Il ritorno di Don Camillo

Regia di Julien Duvivier

con Fernandel [Fernand Contandin] (Don Camillo), Gino Cervi (Giuseppe “Peppone” Bottazzi), Edouard Delmont (Dottor Spiletti), Paolo Stoppa (Marchetti), Alexandre Rignault (Francesco Gallini detto Nero), Thomy Bourdelle (Cagnola), Tony Jacquot (Don Pietro), Saro Urzì (Brusco), Charles Vissière (Il vescovo), Leda Gloria (Signora Bottazzi), Arturo Bragaglia (in cantoniere), Marco Tulli (Lo smilzo), Claudy Chapeland (Beppo Bottazzi), Pina Gallini (la perpetua di Montenara).
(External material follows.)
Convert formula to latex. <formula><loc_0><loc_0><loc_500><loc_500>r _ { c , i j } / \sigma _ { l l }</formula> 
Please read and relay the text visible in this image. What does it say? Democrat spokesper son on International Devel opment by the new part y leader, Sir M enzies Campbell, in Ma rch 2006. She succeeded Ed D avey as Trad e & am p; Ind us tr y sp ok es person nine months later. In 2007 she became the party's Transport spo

PAESE: Italia, Francia 1953
GENERE: Commedia
DURATA: 110’

Spedito in un villaggio deserto di montagna per punizione, il parroco da battaglia Don Camillo sente la mancanza dei fedeli lasciati in pianura. E anche Peppone, pur non ammettendolo, è triste senza il suo acerrimo nemico/ amico. Torneranno insieme per salvare la popolazione da una tremenda alluvione…
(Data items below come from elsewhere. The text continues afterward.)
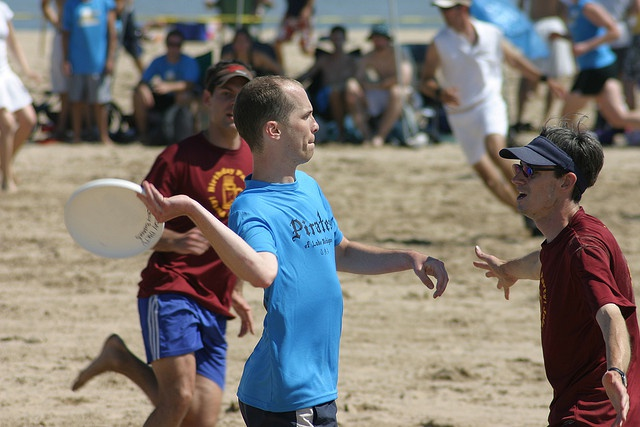Describe the objects in this image and their specific colors. I can see people in darkgray, lightblue, gray, and darkblue tones, people in darkgray, black, maroon, navy, and gray tones, people in darkgray, black, maroon, and gray tones, people in darkgray, gray, lavender, and maroon tones, and people in darkgray, darkblue, gray, and black tones in this image. 
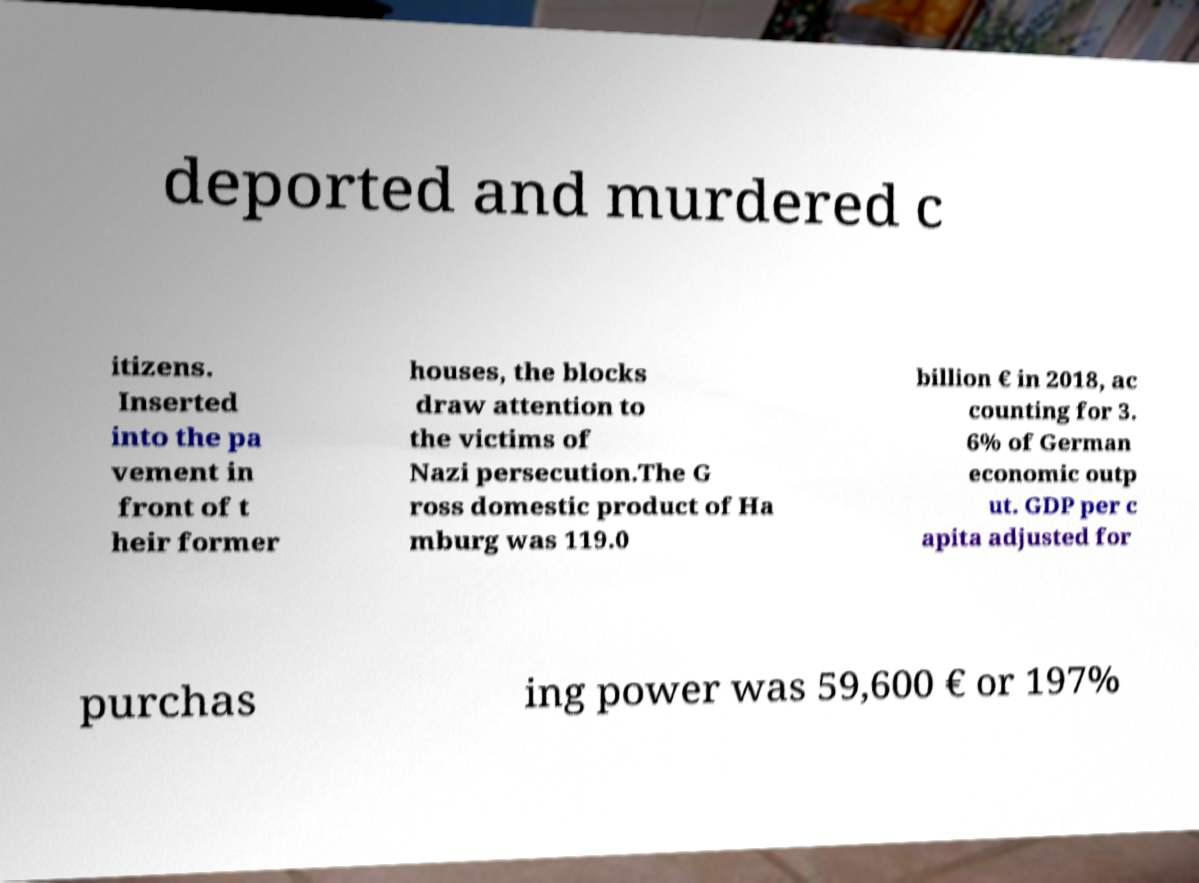There's text embedded in this image that I need extracted. Can you transcribe it verbatim? deported and murdered c itizens. Inserted into the pa vement in front of t heir former houses, the blocks draw attention to the victims of Nazi persecution.The G ross domestic product of Ha mburg was 119.0 billion € in 2018, ac counting for 3. 6% of German economic outp ut. GDP per c apita adjusted for purchas ing power was 59,600 € or 197% 
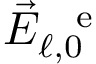<formula> <loc_0><loc_0><loc_500><loc_500>\vec { E } _ { \ell , 0 } ^ { \, e }</formula> 
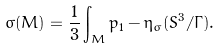<formula> <loc_0><loc_0><loc_500><loc_500>\sigma ( M ) = \frac { 1 } { 3 } \int _ { M } p _ { 1 } - \eta _ { \sigma } ( S ^ { 3 } / \Gamma ) .</formula> 
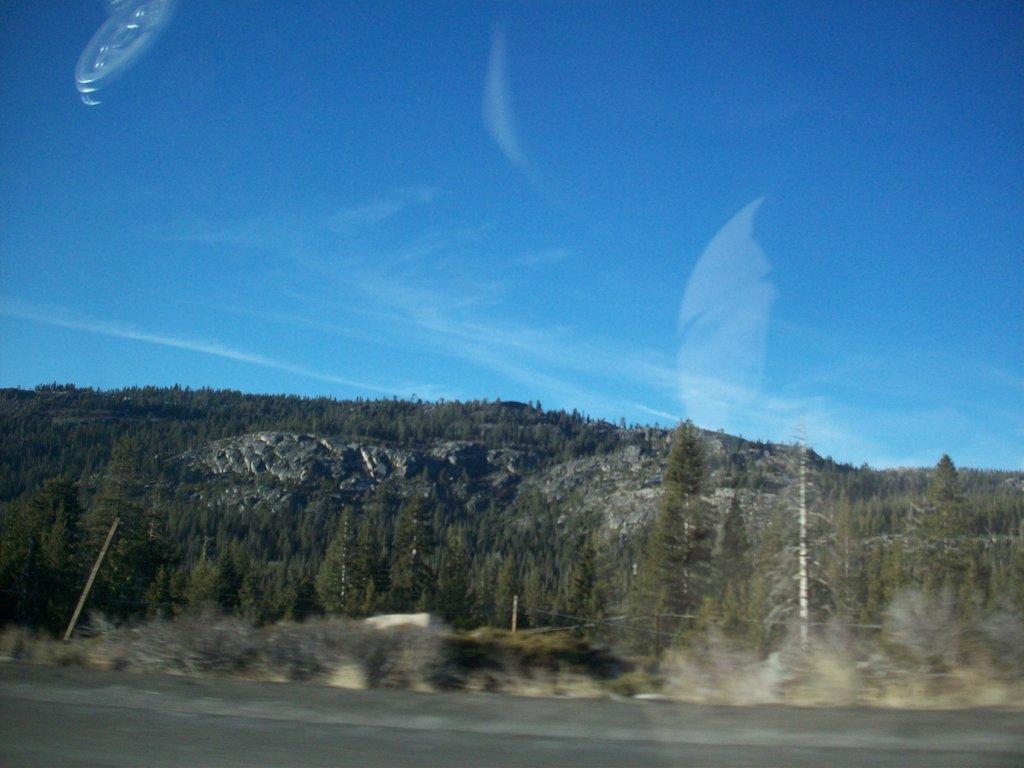Can you describe this image briefly? In this image I can see there is a picture with the reflection. And there is a road. At the back there is a mountain and a tree. And at the top there is a sky. 
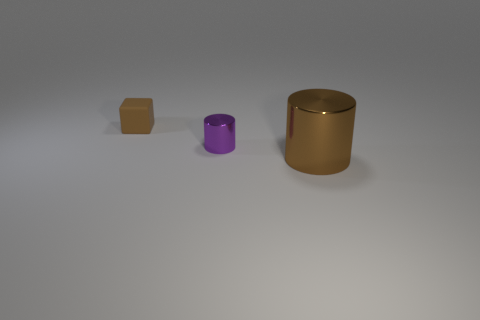What is the size of the object on the right side of the small object that is on the right side of the brown thing that is to the left of the large thing?
Ensure brevity in your answer.  Large. Is the shape of the brown metal thing the same as the small object on the right side of the small rubber cube?
Offer a very short reply. Yes. What is the material of the brown cube?
Ensure brevity in your answer.  Rubber. What number of metal things are either small brown blocks or small green things?
Your response must be concise. 0. Are there fewer small rubber things that are in front of the small shiny cylinder than small purple metal objects that are to the left of the small rubber thing?
Your response must be concise. No. There is a tiny object that is to the right of the brown cube left of the purple cylinder; are there any small metal cylinders that are in front of it?
Offer a very short reply. No. There is a object that is the same color as the small matte cube; what is its material?
Ensure brevity in your answer.  Metal. Is the shape of the metal object behind the large shiny thing the same as the brown object in front of the rubber object?
Your response must be concise. Yes. There is another thing that is the same size as the matte object; what material is it?
Your response must be concise. Metal. Do the brown object behind the purple metal cylinder and the small thing that is on the right side of the tiny brown cube have the same material?
Your answer should be compact. No.

Uscito appena un anno dopo il primo, probabilmente per cavalcare l’immenso successo di pubblico, il secondo episodio della saga tratta dai racconti di Giovannino Guareschi conserva la squadra vincente dell’esordio: produce Cineriz (perché Rizzoli aveva i diritti dei racconti), dirige Duvivier – anche sceneggiatore con René Barjavel – e interpretano Fernandel e Cervi, coadiuvati dal medesimo gruppo di caratteristi. La morale del film rimane la stessa – nei piccoli borghi del dopoguerra gli uomini si schieravano su fronti opposti ma condividevano il bene comune – ma questo secondo capitolo segna parecchi punti rispetto al precedente. La narrazione diventa più fluida, meno schematica; le gag, pur presenti in abbondanza, evitano l’accumulo forsennato; gli screzi tra i protagonisti, qui più verbali che fisici, sono più umanamente credibili; le psicologie dei personaggi sono meglio delineate, anche e soprattutto nelle figure minori; infine, vengono introdotti elementi fiabeschi (il “non morire” del dottor Spiletti, l’anima venduta dal Nero, i bambini che si rifiutano di nascere) che innalzano il film da quella piatta scrittura televisiva che contraddistingueva il primo capitolo. Parecchie le scene da antologia – l’incontro di Boxe vinto, fuori campo, dal parroco, la punizione dell’olio di ricino inferta ad un ex fascista che torturò prete e sindaco ai tempi della guerra, l’alluvione finale – e parecchie le risate, senza dimenticare che non manca qualche passo sentimentale (come la visita di Camillo al collegio del piccolo Beppo) che da spessore ad una sceneggiatura pregevole e meno frammentaria di quanto sembrerebbe. Le voci italiane restano le stesse del primo episodio: Carlo Romano è Don Camillo, Emilio Cigoli il narratore e Ruggero Ruggeri il Cristo con cui parla abitualmente il parroco. Rispetto al film del 1952, sono molti di più gli attori francesi rispetto a quelli italiani. Da non perdere.